Exercise objective. Show every line of the material that follows in which the word "angles" occurs.

══ Material provided

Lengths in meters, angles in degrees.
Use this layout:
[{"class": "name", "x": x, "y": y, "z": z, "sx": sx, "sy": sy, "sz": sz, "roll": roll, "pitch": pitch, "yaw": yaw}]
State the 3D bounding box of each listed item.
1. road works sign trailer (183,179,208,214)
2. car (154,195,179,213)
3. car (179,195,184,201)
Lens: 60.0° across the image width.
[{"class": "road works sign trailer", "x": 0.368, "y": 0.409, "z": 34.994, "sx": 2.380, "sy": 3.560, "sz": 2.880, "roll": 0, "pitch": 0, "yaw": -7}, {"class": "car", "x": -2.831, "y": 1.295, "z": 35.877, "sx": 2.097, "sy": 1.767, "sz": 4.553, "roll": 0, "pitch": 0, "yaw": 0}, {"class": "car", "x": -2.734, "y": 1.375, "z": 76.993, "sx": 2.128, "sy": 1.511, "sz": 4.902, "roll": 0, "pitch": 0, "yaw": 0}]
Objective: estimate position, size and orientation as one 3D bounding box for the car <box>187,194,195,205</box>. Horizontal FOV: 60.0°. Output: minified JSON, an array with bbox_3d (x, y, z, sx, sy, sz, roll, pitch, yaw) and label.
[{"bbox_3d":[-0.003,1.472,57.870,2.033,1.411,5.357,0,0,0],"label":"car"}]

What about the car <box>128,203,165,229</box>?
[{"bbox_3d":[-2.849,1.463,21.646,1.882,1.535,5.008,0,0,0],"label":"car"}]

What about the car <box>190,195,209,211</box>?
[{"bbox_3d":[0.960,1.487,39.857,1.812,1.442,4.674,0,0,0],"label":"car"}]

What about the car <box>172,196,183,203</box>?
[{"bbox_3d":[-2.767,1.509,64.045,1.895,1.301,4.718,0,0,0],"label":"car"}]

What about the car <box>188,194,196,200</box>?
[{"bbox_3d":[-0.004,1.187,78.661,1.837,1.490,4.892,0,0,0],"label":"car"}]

════
══ Material provided

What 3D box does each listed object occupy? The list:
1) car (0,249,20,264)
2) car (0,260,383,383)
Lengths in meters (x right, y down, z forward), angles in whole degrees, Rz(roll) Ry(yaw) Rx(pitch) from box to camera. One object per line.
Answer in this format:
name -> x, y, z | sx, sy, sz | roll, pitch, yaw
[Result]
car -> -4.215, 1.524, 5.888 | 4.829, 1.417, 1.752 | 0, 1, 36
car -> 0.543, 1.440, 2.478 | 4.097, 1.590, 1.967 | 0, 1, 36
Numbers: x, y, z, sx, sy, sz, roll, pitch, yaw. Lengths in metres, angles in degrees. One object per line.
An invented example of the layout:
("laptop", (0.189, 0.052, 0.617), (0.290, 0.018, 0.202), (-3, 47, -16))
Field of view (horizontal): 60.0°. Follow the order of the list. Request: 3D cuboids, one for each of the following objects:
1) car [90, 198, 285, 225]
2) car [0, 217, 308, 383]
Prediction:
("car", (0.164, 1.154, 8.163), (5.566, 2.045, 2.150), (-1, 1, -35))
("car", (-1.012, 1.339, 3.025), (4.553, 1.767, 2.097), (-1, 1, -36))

════

Response.
Lengths in meters, angles in degrees.
Lengths in meters (x right, y down, z forward), angles in whole degrees, Rz(roll) Ry(yaw) Rx(pitch) from box to camera. One object per line.
Numbers: x, y, z, sx, sy, sz, roll, pitch, yaw. Lengths in metres, angles in degrees. One object per line.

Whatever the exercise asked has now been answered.